最後還是一個年紀最大的乞丐,一邊剔牙一邊沖她獰笑著:「你找幫主有什麼事?」
「挑戰!」鹿溪的聲音擲地有聲。
不想換來的全是滿廟嘲笑。
「哈哈哈哈.....」
「一個乳臭未乾的臭丫頭,三更半夜跑到咱們地盤,居然說要挑戰俺們幫主?還說咱們這裡是什麼丐幫總舵?」
「不過這丫頭雖然看著年紀還小,但是長得還挺好看的。」
「她身上那個鐲子和鞭子,看起來也挺值錢的。」
......
看著他們愈來愈猥瑣的神情,鹿溪心裡的緊張越來越壓不住了,她抓著軟鞭的手都在微微發顫。
她自小在靖王府長大。
教她武功的師父一共有十多個,她如今十歲,學了也有六年,可每個武功路數都學那麼一點,導致她沒有一項是精的,與別的侍衛挑戰,也只能靠招數多、路數怪,來出奇制勝。
這是她第一次闖蕩江湖。
沒想到遇上的就是群架。
她從來沒有打過群架,在靖王府里,所有人都得讓著她,跟她比武全都是一個接著一個上,且她心裡葉門清,就算是那些侍衛能贏她,他們也會想方設法讓她贏。

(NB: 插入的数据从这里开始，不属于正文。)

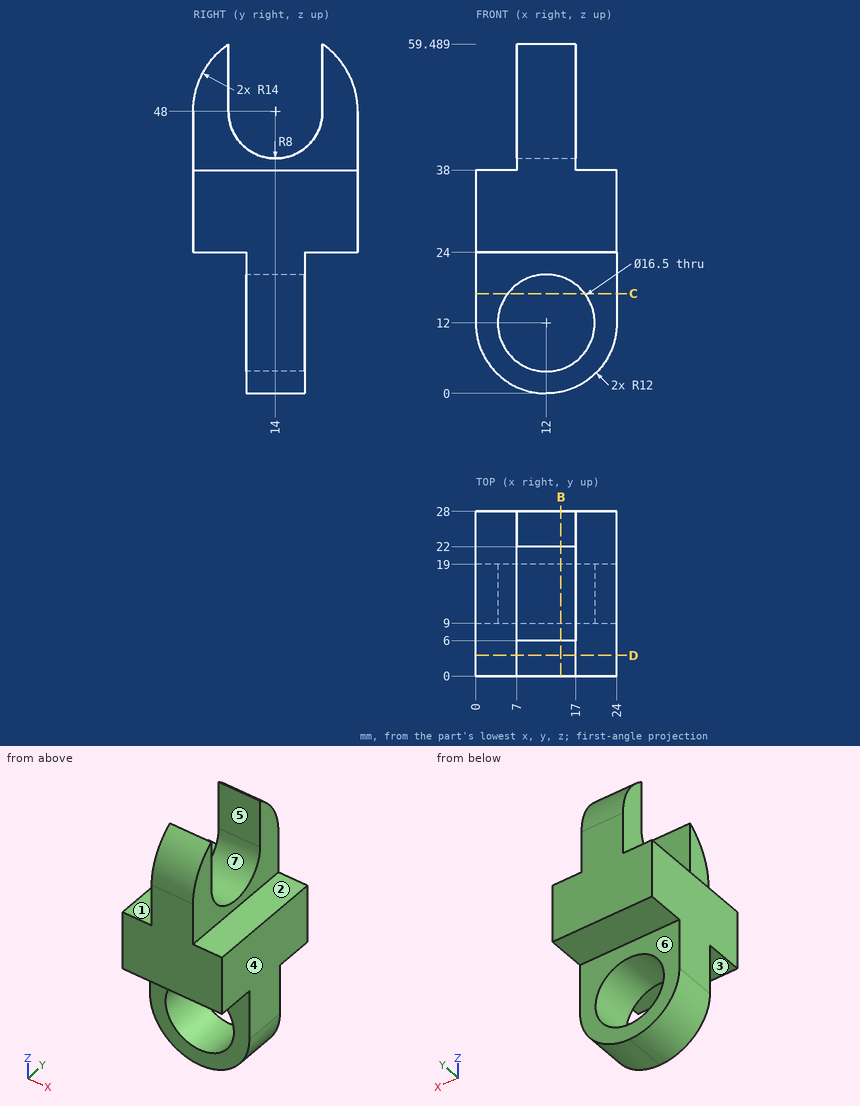
Geometry: see drawing. Coordinates: mm, zero at the bounding-box minimum. A direction names the side the tool comes from. Coordinates: 2 decimals unless noted, no trailing zeros. Loops run counter-clockwise (first coordinate to the right, second up) from the corner with the lowest first, then second, coordinate; pieces in that order, holes last. Notation, with made-up numbers: (-29, 50.25) -> (-10, 50.25) arc R13 cw to (-10, 54.25) -> close; hole circle Ø3 at (-9, 43.5). An arc over 180 degrees is marked (long way). Write item = value, one per line. Start each with the question number.
Item 1: Cut plane D-D, the plane y = 3.5. Return loops of the section in (x, z), plus the area to 3 significant figures.
Item 2: Reachability of the marked faces 1, 2 and 3 from +Z, -Z, +X, -X, +Y, -Y: full face, straight path, thin tool, end or side. Return the list, or none.
Item 3: First-contact query: P1, Ø5.5, axis at x = 3.5, y = 10.5, coming from the +Z side; P2, Ø10, axis at x = 3, y = 16.5, coming from the +Z side; P3, Ø10.5, axis at y = 20.5, z = 45.5, coming from the -X side; P4, Ø6.5, axis at y = 9.5, z = 50.5, coming from the +X side. Flat tips, straight axial feed; report the tip coordinate or a pass-through.
Item 4: Cut plane B-B, the plane x = 14.5. Return loops of the section in (y, z), plus the area to 3 significant figures.
Item 5: Cut plane C-C, the plane z = 17. Return loops of the section in (x, y).
Item 6: Material intervals for line 1 (X direction, y = 14.75, z = 12); line 2 (Z direction, x = 1, y = 23.25); line 3 (Y direction, x = 4.5, z = 5.5), sorted ascending.
Item 7: Mould query, pull axis Y, two halves, no side actions, for the marked faces 4, 5, 6 and 7. Classes: pulls with the +Y half, pulls with the -Y half, needs draft (parallel to the pull), parting line crosses it, or undercut.
Ans:
q1.outline = (0, 24) -> (24, 24) -> (24, 38) -> (17, 38) -> (17, 57.26) -> (7, 57.26) -> (7, 38) -> (0, 38) -> close
q1.area = 529 mm²
q2.face_1 = +Z, -X, +Y, -Y
q2.face_2 = +Z, +X, +Y, -Y
q2.face_3 = -Z, +X, -X, -Y
q3.P1 = 38
q3.P2 = 42.19
q3.P3 = 7
q3.P4 = through
q4.outline = (0, 24) -> (9, 24) -> (9, 19.86) -> (19, 19.86) -> (19, 24) -> (28, 24) -> (28, 48) arc R14 ccw to (22, 59.49) -> (22, 48) arc R8 cw to (6, 48) -> (6, 59.49) arc R14 ccw to (0, 48) -> close; (9, 0.26) -> (19, 0.26) -> (19, 4.14) -> (9, 4.14) -> close
q4.area = 748 mm²
q5.outline = (0, 9) -> (5.44, 9) -> (5.44, 19) -> (0, 19) -> close; (18.56, 9) -> (24, 9) -> (24, 19) -> (18.56, 19) -> close
q6.line_1 = 0 to 3.75, 20.25 to 24
q6.line_2 = 24 to 38
q6.line_3 = 9 to 19
q7.face_4 = needs draft
q7.face_5 = undercut
q7.face_6 = pulls with the +Y half
q7.face_7 = undercut

正是因為這個,才導致她一門心思想要去江湖體驗真正的比武。
鹿溪見他們越來越靠近,咬著牙揮動軟鞭,打趴下一個乞丐,「你們最好別過來,否則小命不保!」
那個乞丐被軟鞭打中,就哎呦著躺在地上捂著後背。
其他幾個乞丐看到了,卻不僅沒有被震懾到,反而被激怒了,「兄弟們上!」
鹿溪看著那麼多乞丐都一窩蜂似的朝她湧來,把她緊緊包圍在中間,她完全不知道該先打哪一個,只能嚇得愣在原地、雙手發軟,竟是連軟鞭都抓不住、『啪嗒』一聲掉到了地上。

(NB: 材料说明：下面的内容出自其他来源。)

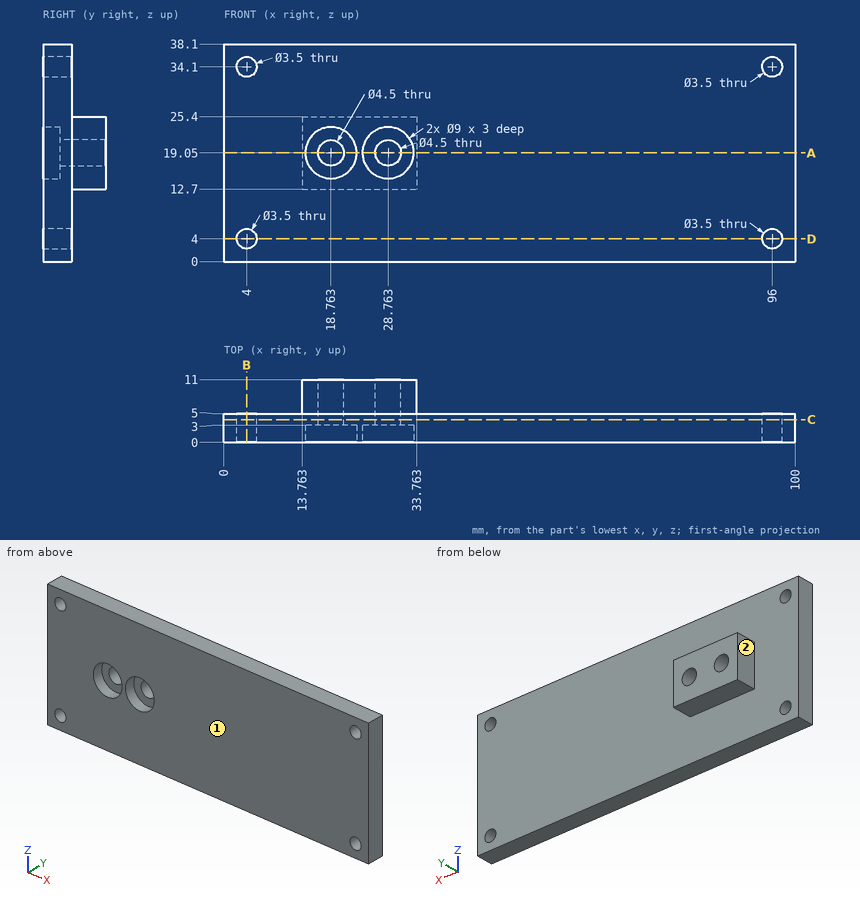
Geometry: see drawing. Coordinates: mm, zero at the bounding-box minimum. A direction names the side the tool comes from. Coordinates: 2 decimals unless noted, no trailing zeros. Order: outer loops, then holes, each group sorted by start corner. A loop starts at its lowest first (then second) coordinate and runs counter-clockwise, first axis right, second up. Notation, with made-up numbers: M -4.75,68.5 L 44.25,68.5 A19 cw 44.25,89.5 Z; hole C 36.5,35 d6. An arc over 180 degrees is marked long. Write each question's results on one line, items separated by ' | '. Start each with the question number.
1) Section query C-C (y = 4). Return the cut outline in (x, z), plus the area to 3 significant figures.
2) Section query A-A (z = 19.05). Return the cut outline in (x, y), plus the area to 3 significant figures.
3) Contact query for flat-ended pins moving along their axis: pin 1 Ø4.5 at (x, z) = (96, 4) entering from +Y; pin 2 Ø4 at (x, z) = (96, 34.1) entering from -Y; pin 3 Ø5 at (x, y) = (19.5, 9.5) entering from +Z; pin 4 Ø5 at (y, z) = (9, 22) entering from -X. Output: stop coordinate, or through.
4) Section query D-D (z = 4). Return the cut outline in (x, y).
5) Line query: line 1 (Z direction, x = 96, y = 2.3); line 2 (X direction, y = 10.5, z = 17) (1 decimal); line 3 (Z direction, x = 29, y = 0.75). Output: solid intervals per line, ascending. Write a range as from..to.
6) Access query for the marked faces 1 and 2. Directions: +Z, -Z, +X, -X, +Y, -Y. A direction counts if a zero-diameter tool reaches every point of the face in a straight line with its end or side. Return the directions, or none.
7) Section query B-B (x = 4). Return the cut outline in (y, z).
Answers:
1) outline: M 0,0 L 100,0 L 100,38.1 L 0,38.1 Z; hole C 4,4 d3.5; hole C 4,34.1 d3.5; hole C 18.76,19.05 d4.5; hole C 28.76,19.05 d4.5; hole C 96,4 d3.5; hole C 96,34.1 d3.5 | area: 3,740 mm^2
2) outline: M 0,0 L 14.26,0 L 14.26,3 L 16.51,3 L 16.51,11 L 13.76,11 L 13.76,5 L 0,5 Z; M 21.01,3 L 23.26,3 L 23.26,0 L 24.26,0 L 24.26,3 L 26.51,3 L 26.51,11 L 21.01,11 Z; M 31.01,3 L 33.26,3 L 33.26,0 L 100,0 L 100,5 L 33.76,5 L 33.76,11 L 31.01,11 Z | area: 494 mm^2
3) pin 1: stops at y = 5 | pin 2: stops at y = 0 | pin 3: stops at z = 25.4 | pin 4: stops at x = 13.76
4) outline: M 0,0 L 2.25,0 L 2.25,5 L 0,5 Z; M 5.75,0 L 94.25,0 L 94.25,5 L 5.75,5 Z; M 97.75,0 L 100,0 L 100,5 L 97.75,5 Z
5) line 1: z = 0..2.25, 5.75..32.35, 35.85..38.1 | line 2: x = 13.8..17.8, 19.7..27.8, 29.7..33.8 | line 3: z = 0..14.56, 23.54..38.1
6) face 1: +Z, -Z, +X, -X, -Y | face 2: +Z, -Z, -X, +Y
7) outline: M 0,0 L 5,0 L 5,2.25 L 0,2.25 Z; M 0,5.75 L 5,5.75 L 5,32.35 L 0,32.35 Z; M 0,35.85 L 5,35.85 L 5,38.1 L 0,38.1 Z
The model under review builds one solid part; all positions refer to its coordinate system, in mm. A direction names the side the tool comes from. Give positions to 0.01 mm unless a question says otherwise; leave off trailing zeros. Order: outer loops, then holes, each group sorted by start corner. A loop starts at its lowest first (then second) coordinate and runs counter-clockwise, first axis right, second up. Notation, with made-up numbers: (-5.5, 71) -> (30.5, 71) arc R17 cw to (30.5, 104) -> close; hole circle Ø10 at (-9.5, 37). An arc over 180 degrees is marked (long way). Use one line per item in the form item = value.
```python
from build123d import *

# Parameters (mm, degrees)
F0_R     = 4.7371
F1_DEPTH = 7.9502
F2_R     = 6.35
F3_R     = 3.175


with BuildPart() as f1:
    # F0 (on Front) → F1 (new body)
    with BuildSketch(Plane.XZ):
        with BuildLine():
            Line((-7.9375, 0), (-22.1234, 0))
            ThreePointArc((-22.1234, 0), (0, -22.1234), (22.1234, 0))
            Line((22.1234, 0), (7.9375, 0))
            Line((7.9375, 0), (7.9375, 20.650446))
            ThreePointArc((7.9375, 20.650446), (0, 22.1234), (-7.9375, 20.650446))
            Line((-7.9375, 20.650446), (-7.9375, 0))
        make_face()
        Circle(F0_R, mode=Mode.SUBTRACT)
        with BuildLine():
            ThreePointArc((-4.747236, 14.3002), (0, 19.4437), (4.747236, 14.3002))
            ThreePointArc((4.747236, 14.3002), (0, 9.1567), (-4.747236, 14.3002))
        make_face(mode=Mode.SUBTRACT)
    extrude(amount=F1_DEPTH)

    # F2
    f2_edges = [f1.edges().sort_by_distance(p)[0] for p in [
        (-7.9375, -3.9751, 0),
        (7.9375, -3.9751, 0),
    ]]
    fillet(f2_edges, radius=F2_R)

    # F3
    f3_edges = [f1.edges().sort_by_distance(p)[0] for p in [
        (22.1234, -3.9751, 0),
        (-22.1234, -3.9751, 0),
    ]]
    fillet(f3_edges, radius=F3_R)


solid = f1.part
```
1. Add section B-B on y = -1. Count the separate pieces of the cut face and the enclosed holes in it, then the cut area to 3 significant figures.
Values:
separate_pieces = 1
enclosed_holes = 2
area = 975 mm^2
2. Add section A-A on x = 0. Give the boundary of the cut face in (y, z), then the cut area to 3 significant figures.
Values:
outline = (-7.95, -22.12) -> (0, -22.12) -> (0, -4.74) -> (-7.95, -4.74) -> close; (-7.95, 4.74) -> (0, 4.74) -> (0, 9.16) -> (-7.95, 9.16) -> close; (-7.95, 19.44) -> (0, 19.44) -> (0, 22.12) -> (-7.95, 22.12) -> close
area = 195 mm^2
3. For pin 1 Ø3.5 at (x, y) = (-16.5, -5) entering from +Z; pin 2 Ø2 at (x, y) = (-17.5, -6.5) entering from -Z; pin 3 Ø1 at (x, y) = (1.5, -3.5) entering from -Z, all flat-tipped, find the tip position at first contact; note any pin that passes through.
Values:
pin_1 = 0
pin_2 = -14.74
pin_3 = -22.1
4. The part is to be moulded in two halves that separate along X. For faces 5 (the face through (0.114, -3.919, 22.123)), 6 (the face through (21.131, -4.031, -1.156)), 7 (the face through (-21.081, -4.031, -1.097)), 8 (the face through (0.11, -3.919, 9.158)), say which applies: +X half, -X half, draft (parallel to the pull), parting line (faces both ways), or undercut.
Values:
face_5 = parting line
face_6 = +X half
face_7 = -X half
face_8 = undercut
5. Tool access review of faces 1 (the face through (17, -4, 0)), 2 (the face through (-7.938, -4, 14)), 3 (the face through (0, 0, -10)), 4 (the face through (-0.11, -3.919, 19.442)): name each direction out of +Z, -Z, +X, -X, +Y, -Y from which nothing blocks a thin tool from reaching the whole face with its end or side.
Values:
face_1 = +Z, +X, +Y, -Y
face_2 = +Z, -X, +Y, -Y
face_3 = +Z, -Z, +X, -X, +Y
face_4 = +Y, -Y
6. Add section C-C on z = 4. Give the boundary of the cut face in (x, y).
Values:
outline = (-8.39, -7.95) -> (-2.54, -7.95) -> (-2.54, 0) -> (-8.39, 0) -> close; (2.54, -7.95) -> (8.39, -7.95) -> (8.39, 0) -> (2.54, 0) -> close
7. For L1, parallel to X at y = -7.5, z = -2.5; L2, parallel to X at y = -6.5, z = 13; L3, parallel to X at y = -2.5, z = 8, list the stretches that pass through material, from the lowest coordinate up.
Values:
L1 = -21.78 to -4.02, 4.02 to 21.78
L2 = -7.94 to -4.67, 4.67 to 7.94
L3 = -7.94 to 7.94
8. Add section D-D on z = 10. Give the boundary of the cut face in (x, y), then the cut area to 3 significant figures.
Values:
outline = (-7.94, -7.95) -> (-2.71, -7.95) -> (-2.71, 0) -> (-7.94, 0) -> close; (2.71, -7.95) -> (7.94, -7.95) -> (7.94, 0) -> (2.71, 0) -> close
area = 83.2 mm^2

她看著即將靠近她的那張猥瑣流著口水的臉,想要後退,卻腿腳一軟,直接跌坐在地上,她大腦一片空白,愣愣的,甚至後悔起來,不該不聽爹爹的話,自己一個人偷偷跑出來。
可那眼看就要抓上她衣服的裹滿淤泥的手,卻一下跟胳膊分離,滾到地上去了。
乞丐捂著斷了手的胳膊,疼得慘叫,甚至在地上打起滾來。
周圍其他乞丐見這幅場面頓時嚇住了。
這個小丫頭...
這麼厲害?
一開始還只是給人後背用鞭子抽一道口子,現在直接把人手砍斷了?
那些乞丐面露驚恐,頓時跪在地上朝鹿溪叩拜:
「您贏了!」
「我們現在起就是丐幫弟子,您就是我們的幫主!」
「幫主威武!」
.....
鹿溪還坐在地上,她迷茫的歪了歪頭。
然後又迷迷茫茫地完成了當幫主的儀式,最後又迷迷茫茫的回家去了。
等躺在被窩裡,才驚喜的笑出聲。
她當上幫主了!
她雖然不知道那個人的手是怎麼斷的,但根據其中一個老乞丐描述,當時的情況是這樣的:
『趙二左手成爪狀,指甲長且裝滿淤泥,此乃江湖失傳已久的黑甲功,此功毒性極大,一旦被碰,若不及時斬斷胳膊,將命不久矣....但幫主即使武器被擊落,手無寸鐵,見其神也如呆滯,卻內力深厚、武功紮實,僅憑肢體記憶便將趙二的黑甲功破之又破!』
她的武功這麼厲害了?
*
自從當上了丐幫幫主。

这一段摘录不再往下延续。